The judges should exhibit efficiency in the performance of their duty to avoid loss of faith and confidence
in the administration of justice.
 A writ of mandamus may be issued if there is undue delay that can be characterized as a grave abuse of
discretion. Even if a motion for reconsideration is a proper remedy, the accused is not precluded to resort
to a special civil action when the available remedy will not afford expeditious relief and when the motion
for reconsideration is useless. Procedural rules should not be strictly enforced if their enforcement would
result in a miscarriage of justice.

Case 43 – SUSPENSION OF ARRAIGNMENT


 Under the old law, arraignment shall be suspended, if at the time thereof, the accused appears to be
suffering from an unsound mental condition which effectively renders him unable to fully understand the
charge against him and to plead intelligently thereto. Under this case, this law was applied because the
Revised Rules of Criminal Procedure took effect only after the commission of the crime.
 Under the new law, upon motion by the proper party, arraignment shall be suspended, if at the time
thereof, the accused appears to be suffering from an unsound mental condition which effectively renders
him unable to fully understand the charge against him and to plead intelligently thereto.
 When a judge is informed or discovers that an accused is apparently in a present condition of insanity or
imbecility, it is the duty of the court to suspend the proceedings and commit the accused to a proper
place of detention until his faculties are recovered. In this case, the trial court failed to exercise utmost
care in assuming that the accused was in full possession of his mental faculties.
 There was also a shortcoming on the part of the defense lawyer because he did not ask for the
deferment of arraignment and for leave of court to have the accused subjected to psychological
examination. He also failed to present every defense that would prove the mental illness of the accused.

Case 44 – DELAY OF ARRAIGNMENT


 After the filing of information, the court is in complete control of the case and any disposition therein is
subject to its sound discretion. The decision to suspend arraignment to await the resolution of an appeal
with the Secretary of Justice is an exercise of such discretion.
 It bears stressing that the court is however not bound to adopt the resolution of the Secretary of Justice
since the court is mandated to independently evaluate or assess the merits of the case, and may either
agree or disagree with the recommendation of the Secretary of Justice.
 The Speedy Trial Act prescribing the 30-day period for the arraignment of the accused is not absolute.
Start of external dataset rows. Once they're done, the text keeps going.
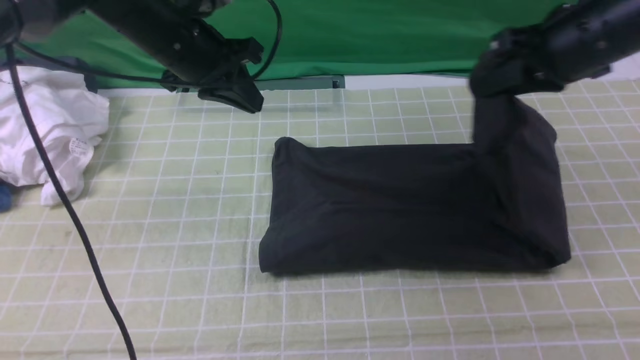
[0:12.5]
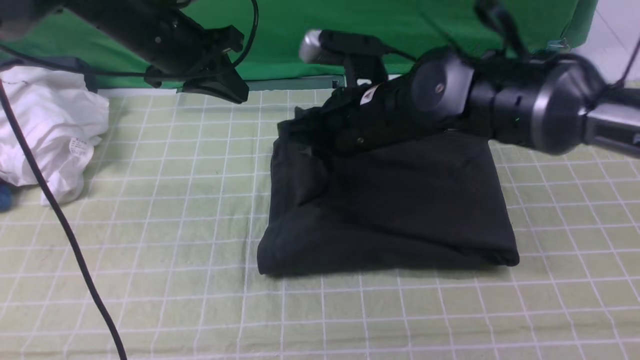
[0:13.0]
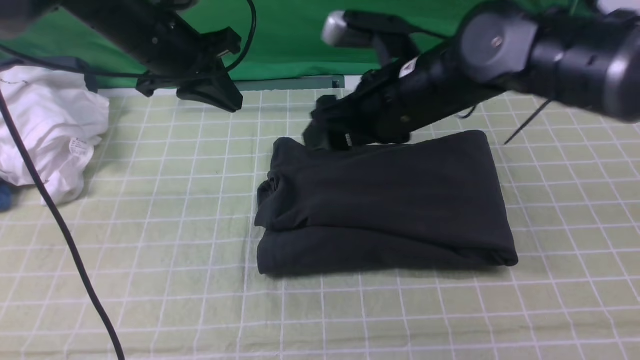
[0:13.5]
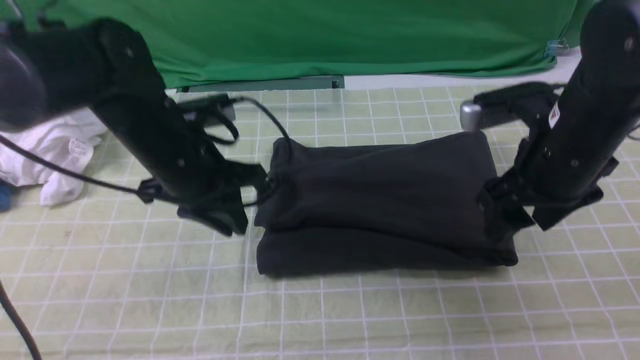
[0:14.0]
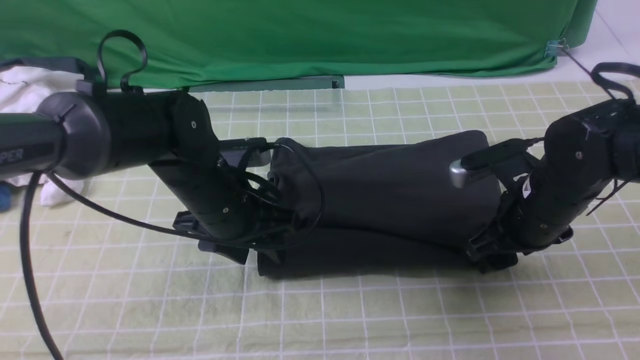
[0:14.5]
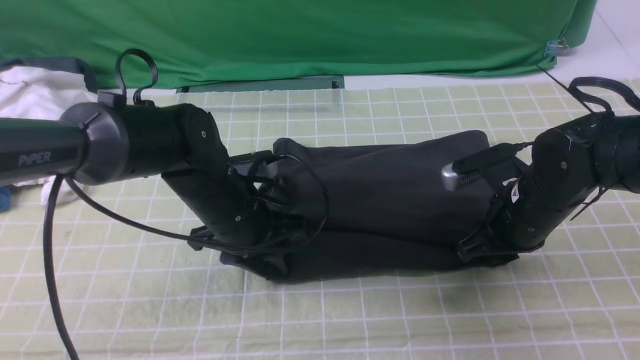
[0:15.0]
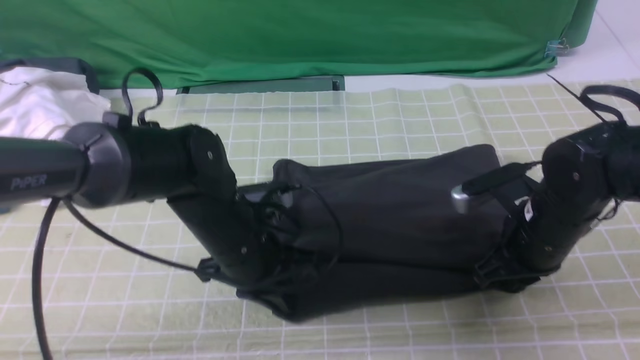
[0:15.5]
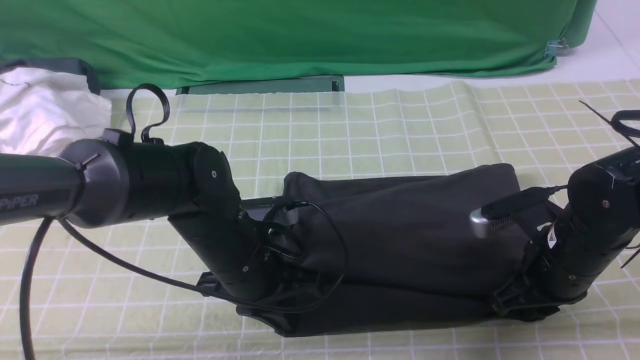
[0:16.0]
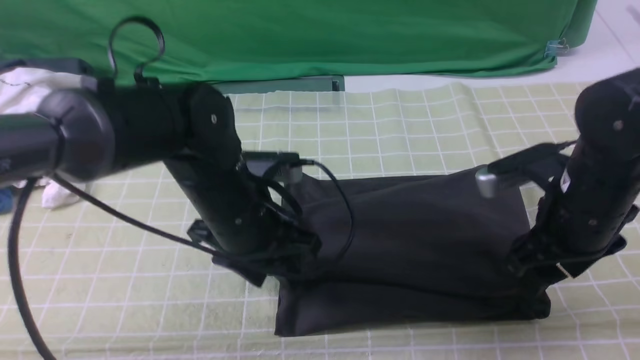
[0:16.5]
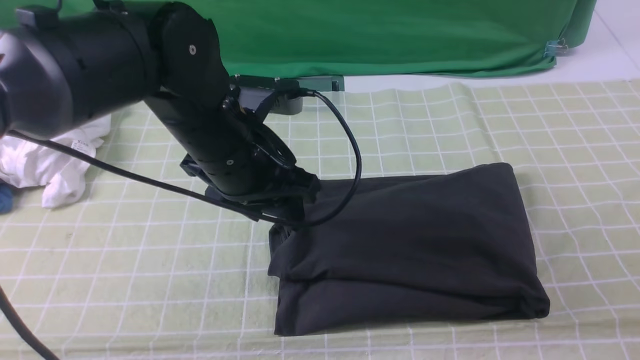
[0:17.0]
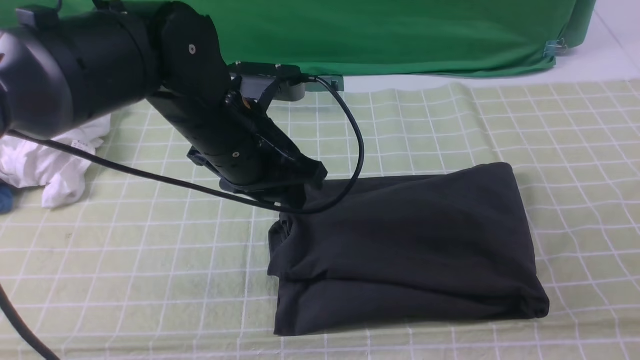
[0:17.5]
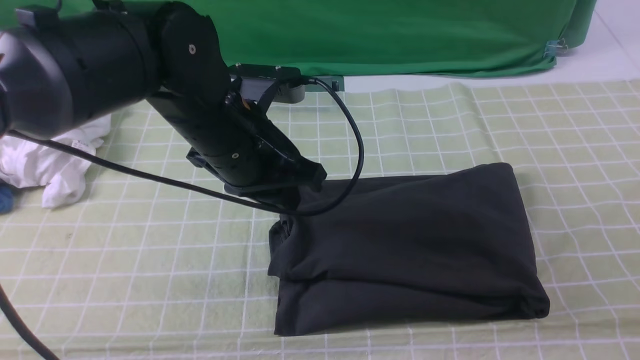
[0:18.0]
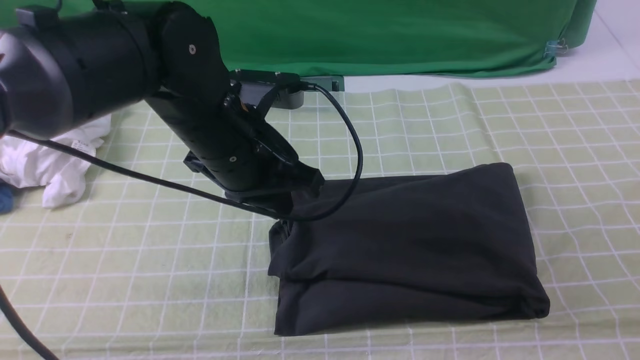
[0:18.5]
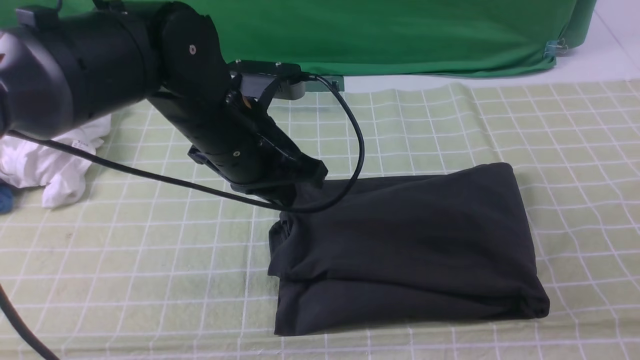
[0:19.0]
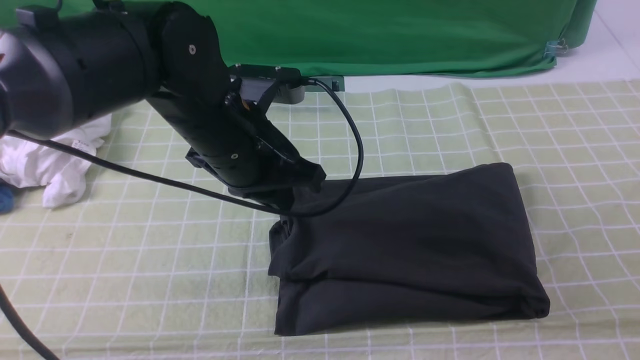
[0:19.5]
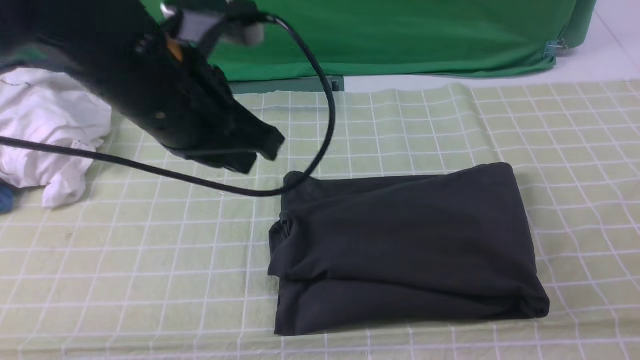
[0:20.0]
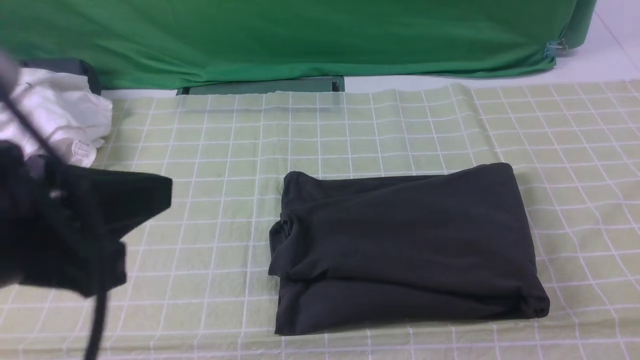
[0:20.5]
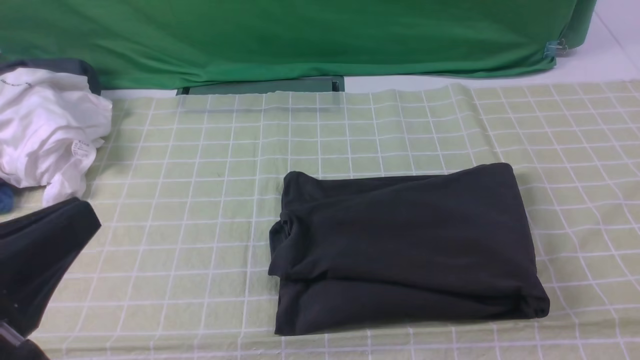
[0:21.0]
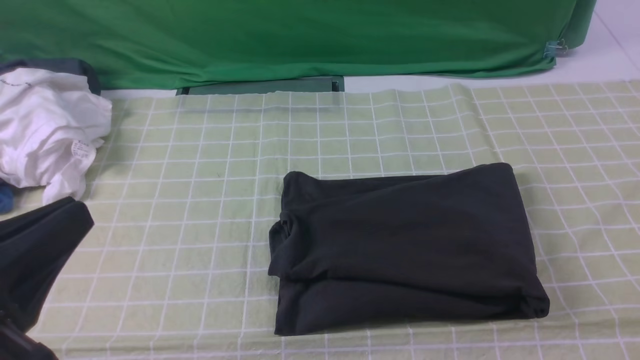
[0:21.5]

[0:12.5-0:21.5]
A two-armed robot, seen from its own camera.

It
enumerates periods of delay that shall be excluded in computing the time within which trial must
commence, especially if taking such action outweighs the best interest of the public and the defendant in
a speedy trial and this includes filing an appeal to the Secretary of Justice. It gives the accused to exhaust
the administrative remedies available to her before the court could proceed to a full-blown trial.
 The trial court which takes cognizance of an accused’s motion for review of the resolution of the
investigating prosecutor and defers the arraignment until resolution of the said motion must act on the
resolution reversing the investigating prosecutor’s finding or on a motion to dismiss based thereon only
upon proof that resolution is already final and no appeal was taken before the Department of Justice.
 Since the period of disposition of appeals or petition in the Secretary of Justice shall be 75 days, indefinite
suspension of arraignment is unlikely to happen.